## Exercise description
Find "O', dimstyle='R19_100', dxfattribs=at)" in the data, then restate the line it sits in and every later line word for word, ending with the last line.

+-------+

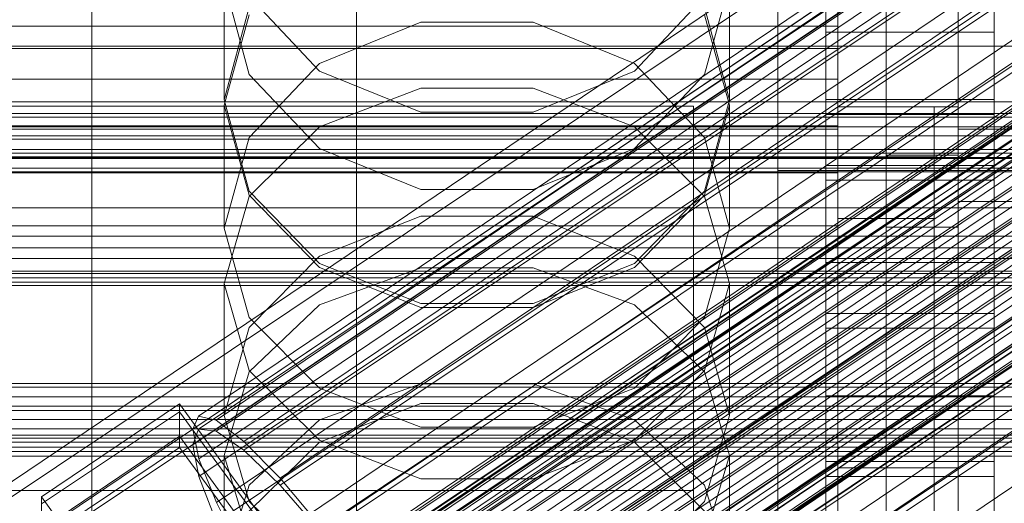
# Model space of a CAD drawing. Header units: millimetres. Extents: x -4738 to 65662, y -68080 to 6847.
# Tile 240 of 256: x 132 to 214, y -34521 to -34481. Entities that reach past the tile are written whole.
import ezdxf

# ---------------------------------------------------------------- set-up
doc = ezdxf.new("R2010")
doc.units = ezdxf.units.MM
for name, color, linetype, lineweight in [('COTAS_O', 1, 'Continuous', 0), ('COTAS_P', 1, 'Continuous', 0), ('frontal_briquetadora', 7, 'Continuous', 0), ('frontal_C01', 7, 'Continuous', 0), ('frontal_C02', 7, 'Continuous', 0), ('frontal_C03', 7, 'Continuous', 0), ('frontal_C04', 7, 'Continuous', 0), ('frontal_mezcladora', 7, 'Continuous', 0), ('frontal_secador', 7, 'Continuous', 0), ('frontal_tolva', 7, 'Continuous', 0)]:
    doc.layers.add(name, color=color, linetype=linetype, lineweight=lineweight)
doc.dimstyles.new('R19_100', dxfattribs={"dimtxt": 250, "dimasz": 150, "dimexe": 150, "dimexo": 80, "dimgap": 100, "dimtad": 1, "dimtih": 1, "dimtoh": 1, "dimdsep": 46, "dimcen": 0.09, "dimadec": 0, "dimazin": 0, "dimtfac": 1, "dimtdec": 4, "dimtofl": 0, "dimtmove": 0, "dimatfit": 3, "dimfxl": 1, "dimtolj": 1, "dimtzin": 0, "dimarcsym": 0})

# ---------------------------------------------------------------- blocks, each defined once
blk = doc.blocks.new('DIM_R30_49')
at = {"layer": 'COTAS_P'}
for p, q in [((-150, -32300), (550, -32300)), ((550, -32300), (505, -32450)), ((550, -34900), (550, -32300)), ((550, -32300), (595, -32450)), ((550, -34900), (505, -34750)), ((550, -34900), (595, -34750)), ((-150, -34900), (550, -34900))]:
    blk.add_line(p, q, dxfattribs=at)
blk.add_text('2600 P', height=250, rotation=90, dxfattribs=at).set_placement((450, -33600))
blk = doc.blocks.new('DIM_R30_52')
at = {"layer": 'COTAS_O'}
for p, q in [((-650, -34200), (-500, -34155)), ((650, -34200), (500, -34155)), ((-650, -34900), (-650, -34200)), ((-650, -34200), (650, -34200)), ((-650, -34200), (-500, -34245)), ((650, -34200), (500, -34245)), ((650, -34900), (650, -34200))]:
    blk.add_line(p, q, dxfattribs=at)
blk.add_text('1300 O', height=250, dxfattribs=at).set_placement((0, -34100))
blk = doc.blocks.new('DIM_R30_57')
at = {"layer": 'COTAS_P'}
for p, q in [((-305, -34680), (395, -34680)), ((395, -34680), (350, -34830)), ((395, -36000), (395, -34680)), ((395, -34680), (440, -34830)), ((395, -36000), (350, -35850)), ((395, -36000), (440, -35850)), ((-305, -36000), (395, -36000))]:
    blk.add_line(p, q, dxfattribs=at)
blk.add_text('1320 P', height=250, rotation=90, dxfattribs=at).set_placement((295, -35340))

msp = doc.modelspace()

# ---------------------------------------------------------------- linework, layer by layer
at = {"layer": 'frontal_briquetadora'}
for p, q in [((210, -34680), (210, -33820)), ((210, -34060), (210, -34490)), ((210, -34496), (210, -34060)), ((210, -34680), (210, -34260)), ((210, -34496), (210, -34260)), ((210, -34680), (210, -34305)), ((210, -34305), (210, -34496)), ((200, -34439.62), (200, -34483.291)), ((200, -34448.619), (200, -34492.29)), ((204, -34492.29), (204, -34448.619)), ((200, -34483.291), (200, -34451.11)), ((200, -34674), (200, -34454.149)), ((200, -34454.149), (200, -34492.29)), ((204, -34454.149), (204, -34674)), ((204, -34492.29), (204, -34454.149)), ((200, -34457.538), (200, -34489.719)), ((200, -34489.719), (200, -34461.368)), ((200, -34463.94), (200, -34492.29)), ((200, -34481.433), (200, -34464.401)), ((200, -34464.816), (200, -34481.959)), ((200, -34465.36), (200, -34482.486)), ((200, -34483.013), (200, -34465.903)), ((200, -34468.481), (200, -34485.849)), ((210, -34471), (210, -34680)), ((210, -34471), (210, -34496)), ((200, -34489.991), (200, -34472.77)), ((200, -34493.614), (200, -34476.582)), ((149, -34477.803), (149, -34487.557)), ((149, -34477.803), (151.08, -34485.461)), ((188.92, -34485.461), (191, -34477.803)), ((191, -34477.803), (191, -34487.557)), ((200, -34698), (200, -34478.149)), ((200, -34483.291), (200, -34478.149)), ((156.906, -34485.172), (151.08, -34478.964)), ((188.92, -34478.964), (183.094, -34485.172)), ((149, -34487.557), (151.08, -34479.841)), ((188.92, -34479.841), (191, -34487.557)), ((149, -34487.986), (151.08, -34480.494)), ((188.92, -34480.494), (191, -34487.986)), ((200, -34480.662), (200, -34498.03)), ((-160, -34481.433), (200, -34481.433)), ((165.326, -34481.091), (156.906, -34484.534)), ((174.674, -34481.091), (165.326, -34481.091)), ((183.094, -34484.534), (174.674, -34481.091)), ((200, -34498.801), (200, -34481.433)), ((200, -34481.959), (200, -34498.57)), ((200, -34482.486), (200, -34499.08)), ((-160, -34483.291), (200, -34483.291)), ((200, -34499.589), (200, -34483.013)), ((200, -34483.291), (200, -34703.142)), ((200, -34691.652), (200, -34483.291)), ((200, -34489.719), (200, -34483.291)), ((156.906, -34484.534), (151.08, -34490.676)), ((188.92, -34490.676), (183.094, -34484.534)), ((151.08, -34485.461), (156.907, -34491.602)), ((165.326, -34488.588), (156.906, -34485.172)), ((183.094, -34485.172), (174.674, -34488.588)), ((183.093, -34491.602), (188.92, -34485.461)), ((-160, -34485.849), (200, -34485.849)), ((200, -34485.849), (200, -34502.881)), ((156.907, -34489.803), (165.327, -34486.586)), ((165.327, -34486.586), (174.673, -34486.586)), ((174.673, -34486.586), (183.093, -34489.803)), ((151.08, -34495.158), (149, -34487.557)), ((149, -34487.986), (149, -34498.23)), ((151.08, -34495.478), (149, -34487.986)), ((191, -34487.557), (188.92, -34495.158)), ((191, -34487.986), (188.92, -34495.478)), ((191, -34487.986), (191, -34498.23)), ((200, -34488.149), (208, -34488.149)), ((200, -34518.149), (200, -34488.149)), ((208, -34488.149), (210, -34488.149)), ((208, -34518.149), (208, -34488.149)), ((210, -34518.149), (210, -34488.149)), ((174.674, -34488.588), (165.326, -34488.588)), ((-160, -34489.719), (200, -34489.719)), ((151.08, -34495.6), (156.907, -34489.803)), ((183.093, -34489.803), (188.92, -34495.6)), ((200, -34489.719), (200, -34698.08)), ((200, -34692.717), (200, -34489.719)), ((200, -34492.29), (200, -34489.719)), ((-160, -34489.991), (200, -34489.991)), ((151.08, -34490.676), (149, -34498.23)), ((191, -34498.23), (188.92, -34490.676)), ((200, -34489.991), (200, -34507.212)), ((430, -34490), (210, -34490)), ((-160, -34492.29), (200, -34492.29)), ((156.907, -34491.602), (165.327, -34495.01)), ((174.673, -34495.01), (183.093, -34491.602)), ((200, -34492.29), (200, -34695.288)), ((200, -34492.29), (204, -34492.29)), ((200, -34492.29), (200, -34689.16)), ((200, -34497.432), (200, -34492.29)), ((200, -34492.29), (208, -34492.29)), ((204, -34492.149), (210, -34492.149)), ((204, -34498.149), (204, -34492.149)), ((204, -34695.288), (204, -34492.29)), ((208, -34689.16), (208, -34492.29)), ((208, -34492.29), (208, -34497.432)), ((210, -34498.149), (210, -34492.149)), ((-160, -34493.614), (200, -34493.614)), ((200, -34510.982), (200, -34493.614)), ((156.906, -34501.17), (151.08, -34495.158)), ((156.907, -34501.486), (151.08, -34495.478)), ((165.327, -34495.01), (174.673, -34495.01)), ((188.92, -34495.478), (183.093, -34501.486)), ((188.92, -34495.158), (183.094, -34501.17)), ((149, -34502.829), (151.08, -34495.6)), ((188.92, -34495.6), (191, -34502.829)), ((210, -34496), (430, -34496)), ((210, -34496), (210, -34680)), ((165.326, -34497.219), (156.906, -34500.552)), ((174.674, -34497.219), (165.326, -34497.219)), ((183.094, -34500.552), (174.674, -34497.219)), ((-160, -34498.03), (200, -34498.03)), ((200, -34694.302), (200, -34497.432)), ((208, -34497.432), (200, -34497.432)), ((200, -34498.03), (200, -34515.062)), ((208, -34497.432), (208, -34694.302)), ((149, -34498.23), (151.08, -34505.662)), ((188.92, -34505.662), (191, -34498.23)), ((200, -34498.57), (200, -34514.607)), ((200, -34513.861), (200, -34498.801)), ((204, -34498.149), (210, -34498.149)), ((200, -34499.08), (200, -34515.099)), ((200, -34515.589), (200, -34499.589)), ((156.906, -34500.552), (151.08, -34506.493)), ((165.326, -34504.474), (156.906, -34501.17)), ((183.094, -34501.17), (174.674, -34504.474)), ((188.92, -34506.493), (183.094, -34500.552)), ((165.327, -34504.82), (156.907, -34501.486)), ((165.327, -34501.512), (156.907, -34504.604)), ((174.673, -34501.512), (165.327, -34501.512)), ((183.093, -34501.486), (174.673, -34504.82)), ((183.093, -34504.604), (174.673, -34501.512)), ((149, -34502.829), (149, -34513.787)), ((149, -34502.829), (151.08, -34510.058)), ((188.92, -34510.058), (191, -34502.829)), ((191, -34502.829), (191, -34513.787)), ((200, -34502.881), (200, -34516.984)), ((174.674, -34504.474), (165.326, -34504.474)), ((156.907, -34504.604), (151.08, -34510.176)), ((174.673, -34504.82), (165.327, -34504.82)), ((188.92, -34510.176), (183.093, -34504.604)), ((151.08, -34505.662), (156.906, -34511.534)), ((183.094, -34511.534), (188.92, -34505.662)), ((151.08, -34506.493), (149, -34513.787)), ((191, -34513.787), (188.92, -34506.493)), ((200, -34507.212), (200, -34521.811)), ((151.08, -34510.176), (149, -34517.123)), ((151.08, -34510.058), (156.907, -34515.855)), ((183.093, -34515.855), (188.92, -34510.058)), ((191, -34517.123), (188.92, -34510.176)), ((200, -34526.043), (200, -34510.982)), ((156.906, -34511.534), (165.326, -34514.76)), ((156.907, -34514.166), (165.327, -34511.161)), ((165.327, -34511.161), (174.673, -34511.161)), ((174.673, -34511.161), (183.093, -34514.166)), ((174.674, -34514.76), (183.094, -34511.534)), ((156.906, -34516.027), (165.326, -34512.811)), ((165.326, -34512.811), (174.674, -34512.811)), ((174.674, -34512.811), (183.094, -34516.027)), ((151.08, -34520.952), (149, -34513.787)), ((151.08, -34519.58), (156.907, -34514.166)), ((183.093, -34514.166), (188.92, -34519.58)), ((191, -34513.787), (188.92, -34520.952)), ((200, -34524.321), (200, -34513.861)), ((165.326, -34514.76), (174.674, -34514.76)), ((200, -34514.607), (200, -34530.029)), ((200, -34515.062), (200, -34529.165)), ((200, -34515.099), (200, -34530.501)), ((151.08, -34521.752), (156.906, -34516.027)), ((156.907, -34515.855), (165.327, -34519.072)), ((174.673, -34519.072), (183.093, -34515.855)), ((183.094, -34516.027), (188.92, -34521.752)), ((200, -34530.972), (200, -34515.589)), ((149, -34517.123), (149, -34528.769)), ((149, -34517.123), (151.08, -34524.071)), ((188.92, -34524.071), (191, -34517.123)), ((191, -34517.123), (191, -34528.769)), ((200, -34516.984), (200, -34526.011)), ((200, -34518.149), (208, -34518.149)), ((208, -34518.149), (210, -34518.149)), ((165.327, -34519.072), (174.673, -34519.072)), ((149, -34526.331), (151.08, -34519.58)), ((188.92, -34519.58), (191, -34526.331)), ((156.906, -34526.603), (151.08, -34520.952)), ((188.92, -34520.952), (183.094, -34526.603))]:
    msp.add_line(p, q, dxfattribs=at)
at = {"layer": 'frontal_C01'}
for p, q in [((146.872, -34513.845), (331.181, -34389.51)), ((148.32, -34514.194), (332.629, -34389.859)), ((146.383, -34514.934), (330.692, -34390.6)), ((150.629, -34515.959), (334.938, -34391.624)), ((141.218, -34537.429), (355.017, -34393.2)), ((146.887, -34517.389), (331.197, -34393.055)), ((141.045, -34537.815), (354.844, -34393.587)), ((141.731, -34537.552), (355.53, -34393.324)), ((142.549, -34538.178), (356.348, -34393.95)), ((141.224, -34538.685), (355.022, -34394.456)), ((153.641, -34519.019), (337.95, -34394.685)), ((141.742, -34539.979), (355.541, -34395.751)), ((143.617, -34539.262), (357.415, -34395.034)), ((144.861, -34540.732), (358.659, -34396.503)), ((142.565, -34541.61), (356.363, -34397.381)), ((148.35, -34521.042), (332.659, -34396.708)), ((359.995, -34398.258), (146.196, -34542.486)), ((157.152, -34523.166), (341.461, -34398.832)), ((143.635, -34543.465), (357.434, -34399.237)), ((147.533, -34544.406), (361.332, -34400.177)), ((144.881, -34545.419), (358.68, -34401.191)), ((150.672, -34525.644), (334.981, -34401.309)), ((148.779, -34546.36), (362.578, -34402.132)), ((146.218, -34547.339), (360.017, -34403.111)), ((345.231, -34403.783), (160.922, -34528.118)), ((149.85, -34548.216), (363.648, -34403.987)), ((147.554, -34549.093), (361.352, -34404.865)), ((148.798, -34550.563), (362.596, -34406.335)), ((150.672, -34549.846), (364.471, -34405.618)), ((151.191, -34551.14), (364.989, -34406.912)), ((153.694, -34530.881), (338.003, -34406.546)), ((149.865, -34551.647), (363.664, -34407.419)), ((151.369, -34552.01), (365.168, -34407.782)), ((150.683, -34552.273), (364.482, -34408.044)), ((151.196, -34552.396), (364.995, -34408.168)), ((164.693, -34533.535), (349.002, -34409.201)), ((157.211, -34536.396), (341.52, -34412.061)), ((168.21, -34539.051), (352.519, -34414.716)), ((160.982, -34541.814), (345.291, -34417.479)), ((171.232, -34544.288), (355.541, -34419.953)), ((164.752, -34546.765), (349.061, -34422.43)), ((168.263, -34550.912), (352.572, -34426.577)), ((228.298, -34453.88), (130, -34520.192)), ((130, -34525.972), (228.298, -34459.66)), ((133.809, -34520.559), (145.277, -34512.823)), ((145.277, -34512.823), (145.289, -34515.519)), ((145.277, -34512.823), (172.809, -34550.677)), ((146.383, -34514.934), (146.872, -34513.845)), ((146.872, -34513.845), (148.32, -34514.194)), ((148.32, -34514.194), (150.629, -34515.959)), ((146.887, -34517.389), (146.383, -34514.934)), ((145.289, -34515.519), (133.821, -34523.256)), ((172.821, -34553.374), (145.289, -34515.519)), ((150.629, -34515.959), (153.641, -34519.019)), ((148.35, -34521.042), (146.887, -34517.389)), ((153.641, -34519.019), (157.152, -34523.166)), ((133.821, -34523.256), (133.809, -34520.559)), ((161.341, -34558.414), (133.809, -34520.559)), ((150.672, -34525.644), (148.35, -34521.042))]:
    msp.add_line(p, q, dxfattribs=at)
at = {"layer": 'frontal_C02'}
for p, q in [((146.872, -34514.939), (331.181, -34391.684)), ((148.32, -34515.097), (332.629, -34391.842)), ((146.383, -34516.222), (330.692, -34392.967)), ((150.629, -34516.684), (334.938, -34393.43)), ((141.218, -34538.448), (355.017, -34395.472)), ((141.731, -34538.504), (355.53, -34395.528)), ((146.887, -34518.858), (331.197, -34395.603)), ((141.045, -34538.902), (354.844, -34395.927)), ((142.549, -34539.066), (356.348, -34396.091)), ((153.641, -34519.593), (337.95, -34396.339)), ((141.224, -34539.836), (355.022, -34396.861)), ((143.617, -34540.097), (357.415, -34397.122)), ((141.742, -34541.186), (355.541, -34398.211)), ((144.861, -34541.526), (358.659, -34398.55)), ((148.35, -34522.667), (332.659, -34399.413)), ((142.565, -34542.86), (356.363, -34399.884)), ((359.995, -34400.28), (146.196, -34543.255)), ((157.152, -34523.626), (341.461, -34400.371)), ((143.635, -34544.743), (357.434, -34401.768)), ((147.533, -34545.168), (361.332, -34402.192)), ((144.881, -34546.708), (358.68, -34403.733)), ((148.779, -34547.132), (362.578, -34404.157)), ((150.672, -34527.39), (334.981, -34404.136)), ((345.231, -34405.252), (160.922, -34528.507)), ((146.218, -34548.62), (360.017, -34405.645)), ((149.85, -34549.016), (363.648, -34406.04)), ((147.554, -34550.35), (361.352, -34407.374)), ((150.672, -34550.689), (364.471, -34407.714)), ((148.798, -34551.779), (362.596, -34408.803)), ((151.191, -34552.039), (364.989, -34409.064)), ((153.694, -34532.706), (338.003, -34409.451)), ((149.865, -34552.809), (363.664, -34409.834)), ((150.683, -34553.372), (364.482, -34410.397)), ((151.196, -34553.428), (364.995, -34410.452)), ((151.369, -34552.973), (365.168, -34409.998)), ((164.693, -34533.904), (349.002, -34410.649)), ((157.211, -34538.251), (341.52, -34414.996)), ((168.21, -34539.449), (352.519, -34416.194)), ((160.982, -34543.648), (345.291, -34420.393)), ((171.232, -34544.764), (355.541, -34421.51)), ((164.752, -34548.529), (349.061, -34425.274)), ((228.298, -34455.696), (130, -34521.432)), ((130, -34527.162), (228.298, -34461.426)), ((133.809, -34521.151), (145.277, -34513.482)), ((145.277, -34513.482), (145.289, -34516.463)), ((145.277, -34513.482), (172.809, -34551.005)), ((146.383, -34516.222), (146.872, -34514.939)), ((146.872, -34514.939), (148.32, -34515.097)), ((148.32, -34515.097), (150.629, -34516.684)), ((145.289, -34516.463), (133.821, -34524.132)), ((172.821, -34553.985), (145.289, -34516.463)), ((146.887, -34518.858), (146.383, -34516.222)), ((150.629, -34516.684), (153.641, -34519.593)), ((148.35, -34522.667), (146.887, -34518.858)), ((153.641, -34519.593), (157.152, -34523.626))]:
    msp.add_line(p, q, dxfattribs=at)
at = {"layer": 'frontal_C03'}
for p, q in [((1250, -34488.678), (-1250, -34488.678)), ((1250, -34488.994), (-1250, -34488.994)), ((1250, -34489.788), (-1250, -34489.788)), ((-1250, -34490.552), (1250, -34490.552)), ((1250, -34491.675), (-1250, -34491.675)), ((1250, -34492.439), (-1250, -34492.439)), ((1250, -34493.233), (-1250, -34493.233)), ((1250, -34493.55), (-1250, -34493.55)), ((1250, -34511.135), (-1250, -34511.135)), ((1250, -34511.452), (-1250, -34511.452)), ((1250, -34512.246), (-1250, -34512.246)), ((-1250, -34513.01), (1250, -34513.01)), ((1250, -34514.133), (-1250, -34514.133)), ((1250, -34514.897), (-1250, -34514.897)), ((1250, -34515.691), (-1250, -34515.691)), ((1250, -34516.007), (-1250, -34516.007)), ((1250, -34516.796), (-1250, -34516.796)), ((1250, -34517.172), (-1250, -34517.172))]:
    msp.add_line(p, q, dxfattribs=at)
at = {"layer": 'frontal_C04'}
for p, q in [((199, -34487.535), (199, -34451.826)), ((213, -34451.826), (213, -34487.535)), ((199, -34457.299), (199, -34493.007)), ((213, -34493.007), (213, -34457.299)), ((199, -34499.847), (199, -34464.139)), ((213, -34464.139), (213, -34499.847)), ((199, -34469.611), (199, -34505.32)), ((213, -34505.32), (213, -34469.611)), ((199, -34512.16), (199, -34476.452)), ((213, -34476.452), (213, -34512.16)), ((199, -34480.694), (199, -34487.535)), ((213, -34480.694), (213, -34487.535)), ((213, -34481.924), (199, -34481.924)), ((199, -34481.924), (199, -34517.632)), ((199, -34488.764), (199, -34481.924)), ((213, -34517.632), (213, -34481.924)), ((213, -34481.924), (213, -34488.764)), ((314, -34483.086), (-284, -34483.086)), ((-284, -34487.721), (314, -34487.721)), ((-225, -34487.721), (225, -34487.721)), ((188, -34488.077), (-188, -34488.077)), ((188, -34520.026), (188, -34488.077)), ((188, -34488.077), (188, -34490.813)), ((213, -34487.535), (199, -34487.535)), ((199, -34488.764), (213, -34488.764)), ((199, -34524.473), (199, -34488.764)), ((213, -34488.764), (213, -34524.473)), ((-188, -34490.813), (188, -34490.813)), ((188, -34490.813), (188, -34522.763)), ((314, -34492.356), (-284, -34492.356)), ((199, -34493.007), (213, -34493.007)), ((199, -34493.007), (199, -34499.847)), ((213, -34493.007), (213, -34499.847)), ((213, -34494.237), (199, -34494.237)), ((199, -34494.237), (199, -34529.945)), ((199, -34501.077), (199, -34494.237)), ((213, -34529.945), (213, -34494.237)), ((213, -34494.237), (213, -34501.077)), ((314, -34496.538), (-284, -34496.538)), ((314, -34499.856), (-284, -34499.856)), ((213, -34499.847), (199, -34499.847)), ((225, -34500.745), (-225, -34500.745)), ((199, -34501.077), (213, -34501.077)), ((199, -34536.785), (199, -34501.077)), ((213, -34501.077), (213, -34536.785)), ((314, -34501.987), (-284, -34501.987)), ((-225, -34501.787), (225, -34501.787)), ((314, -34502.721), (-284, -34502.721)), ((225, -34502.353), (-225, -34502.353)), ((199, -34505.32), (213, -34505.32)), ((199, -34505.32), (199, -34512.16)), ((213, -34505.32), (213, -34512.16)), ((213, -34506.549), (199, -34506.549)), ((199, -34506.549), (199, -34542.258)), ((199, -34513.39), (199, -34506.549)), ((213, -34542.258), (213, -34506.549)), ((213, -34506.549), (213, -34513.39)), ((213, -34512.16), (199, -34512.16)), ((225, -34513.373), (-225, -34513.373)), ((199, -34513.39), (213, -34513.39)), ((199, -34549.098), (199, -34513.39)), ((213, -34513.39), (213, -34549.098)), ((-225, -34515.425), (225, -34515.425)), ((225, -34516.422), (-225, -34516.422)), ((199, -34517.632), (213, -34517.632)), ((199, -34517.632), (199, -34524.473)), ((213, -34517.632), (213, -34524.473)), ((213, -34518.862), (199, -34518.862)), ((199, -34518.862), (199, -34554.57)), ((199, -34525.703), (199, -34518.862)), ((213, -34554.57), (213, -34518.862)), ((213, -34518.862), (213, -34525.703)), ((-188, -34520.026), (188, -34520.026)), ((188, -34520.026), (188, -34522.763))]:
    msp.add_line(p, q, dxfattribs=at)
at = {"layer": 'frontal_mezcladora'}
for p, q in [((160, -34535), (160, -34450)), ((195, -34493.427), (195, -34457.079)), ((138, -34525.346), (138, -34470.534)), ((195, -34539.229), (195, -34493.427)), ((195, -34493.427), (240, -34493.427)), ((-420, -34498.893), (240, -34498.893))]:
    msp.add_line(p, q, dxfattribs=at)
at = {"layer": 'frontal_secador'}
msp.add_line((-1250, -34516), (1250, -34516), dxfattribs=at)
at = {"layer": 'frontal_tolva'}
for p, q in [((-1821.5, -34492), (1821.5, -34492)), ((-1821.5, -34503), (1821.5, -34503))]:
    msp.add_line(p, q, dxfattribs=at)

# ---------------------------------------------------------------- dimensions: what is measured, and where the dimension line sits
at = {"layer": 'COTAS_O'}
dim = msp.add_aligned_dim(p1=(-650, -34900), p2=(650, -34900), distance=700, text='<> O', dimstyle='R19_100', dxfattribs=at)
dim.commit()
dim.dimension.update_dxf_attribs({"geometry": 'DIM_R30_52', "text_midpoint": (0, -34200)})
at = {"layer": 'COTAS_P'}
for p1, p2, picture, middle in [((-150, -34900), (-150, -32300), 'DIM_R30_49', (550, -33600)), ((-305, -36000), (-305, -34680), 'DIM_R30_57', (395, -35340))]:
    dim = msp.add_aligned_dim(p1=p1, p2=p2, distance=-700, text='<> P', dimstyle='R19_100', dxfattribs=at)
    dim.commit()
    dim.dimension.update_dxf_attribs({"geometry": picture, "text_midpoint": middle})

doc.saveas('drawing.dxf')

+-------+

## Solution to the exercise
dim = msp.add_aligned_dim(p1=(-650, -34900), p2=(650, -34900), distance=700, text='<> O', dimstyle='R19_100', dxfattribs=at)
dim.commit()
dim.dimension.update_dxf_attribs({"geometry": 'DIM_R30_52', "text_midpoint": (0, -34200)})
at = {"layer": 'COTAS_P'}
for p1, p2, picture, middle in [((-150, -34900), (-150, -32300), 'DIM_R30_49', (550, -33600)), ((-305, -36000), (-305, -34680), 'DIM_R30_57', (395, -35340))]:
    dim = msp.add_aligned_dim(p1=p1, p2=p2, distance=-700, text='<> P', dimstyle='R19_100', dxfattribs=at)
    dim.commit()
    dim.dimension.update_dxf_attribs({"geometry": picture, "text_midpoint": middle})

doc.saveas('drawing.dxf')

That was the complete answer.